P.E.I. Humane Society says housing issues leading to more pets being put for adoption

·4 min read
The P.E.I. Humane Society says that so far in 2021 the number of animals coming from those who have been evicted or who are moving has doubled compared to pre-pandemic levels. (Brian Higgins/CBC - image credit)
The P.E.I. Humane Society says that so far in 2021 the number of animals coming from those who have been evicted or who are moving has doubled compared to pre-pandemic levels. (Brian Higgins/CBC - image credit)

The P.E.I. Humane Society says it has seen an increase in the number of animals arriving at its shelter for reasons related to housing during the pandemic.

The organization says that so far in 2021 the number of animals coming from those who have been evicted or who are moving has doubled compared to pre-pandemic levels. 128 animals were surrendered for housing-related reasons in 2019 compared to over 300 so far in 2021.

"What we're hearing from pet owners is that they need to move for whatever reason — their lease is ending, they can no longer afford the rent, that kind of thing — and the only options they have to go to are not animal-friendly," says Ashley Travis, development and communications coordinator at the Humane Society.

She said the separation can be painful for both the owners and their pets.

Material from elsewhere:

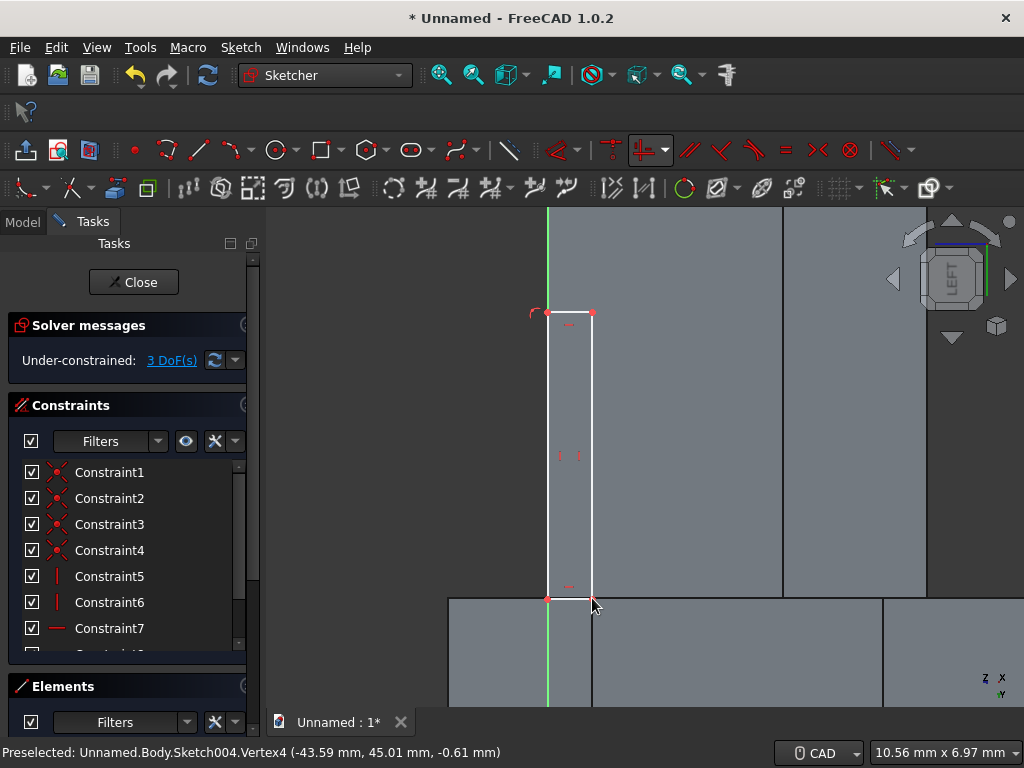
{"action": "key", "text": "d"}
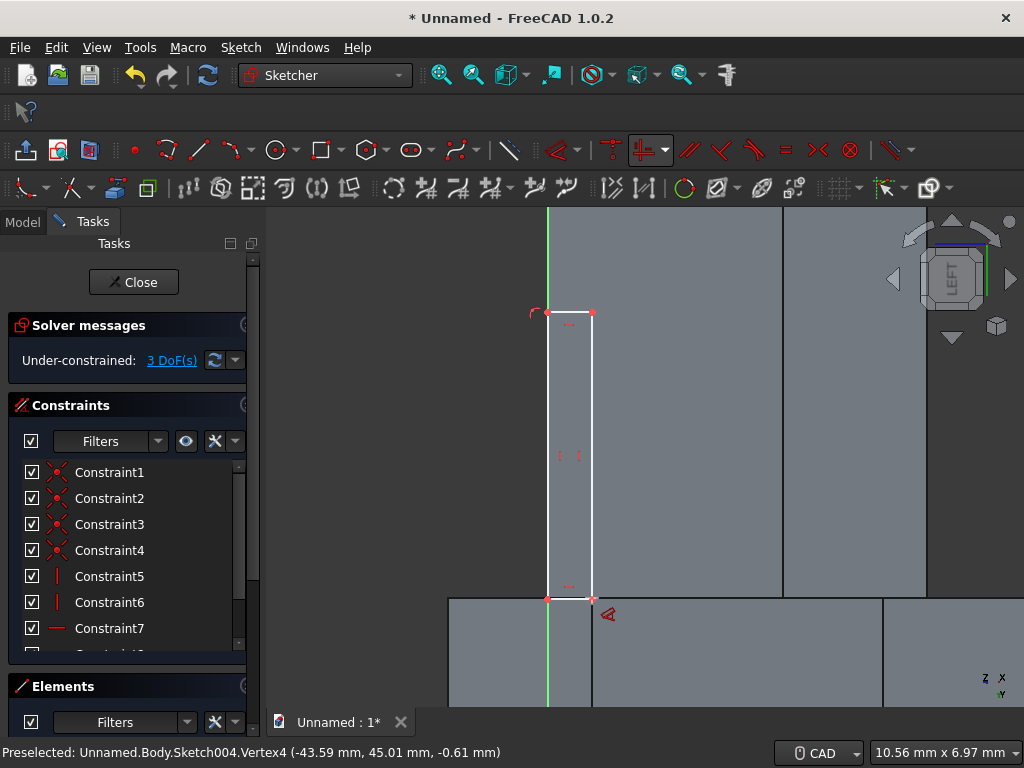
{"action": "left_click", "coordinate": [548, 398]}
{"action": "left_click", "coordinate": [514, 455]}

"Of course, it's heartbreaking to walk in the door and drop your animal off," she said. "And you know they're going to go to a good home, you know they're going to be happy. But that initial change is very hard for people and pets alike."

Travis said there has been a particular increase in the number of cats and rabbits surrendered to the shelter, though dogs have also been affected.

Tough choices

Connor Kelly, tenant network coordinator at advocacy group P.E.I. Fight for Affordable Housing, says they've also been noticing more people having to get rid of their pets due to housing.

He says a fair amount of people who've been evicted are faced with the tough choice between keeping their pets or finding a place to live.

"These are people who may not have a service animal but those animals are really important to them," he said. "They're part of their lives, and the eviction forces them to pretty much figure out if they can keep that part of their family or they have to get rid of them."

He said landlords should see what's profitable when it comes to the places they rent out.

"Apartments and rental properties aren't just investments, these are people's homes and they have families and lives that are attached to these places," Kelly said.

"For those homes to require them to cut off a part of their life, like their pet or whatever kind of standard of living they used to have before they had to move, that's a big cost for people that gets missed."

Fears of property damage

Christel Prus runs P.E.I. Pet Friendly Home Rentals, a Facebook group which connects prospective tenants with landlords who own pet-friendly properties.

Laura Meader/CBC
Laura Meader/CBC

She says a lot of landlords may be hesitant to rent out their property to pet owners based on previous experiences with animals.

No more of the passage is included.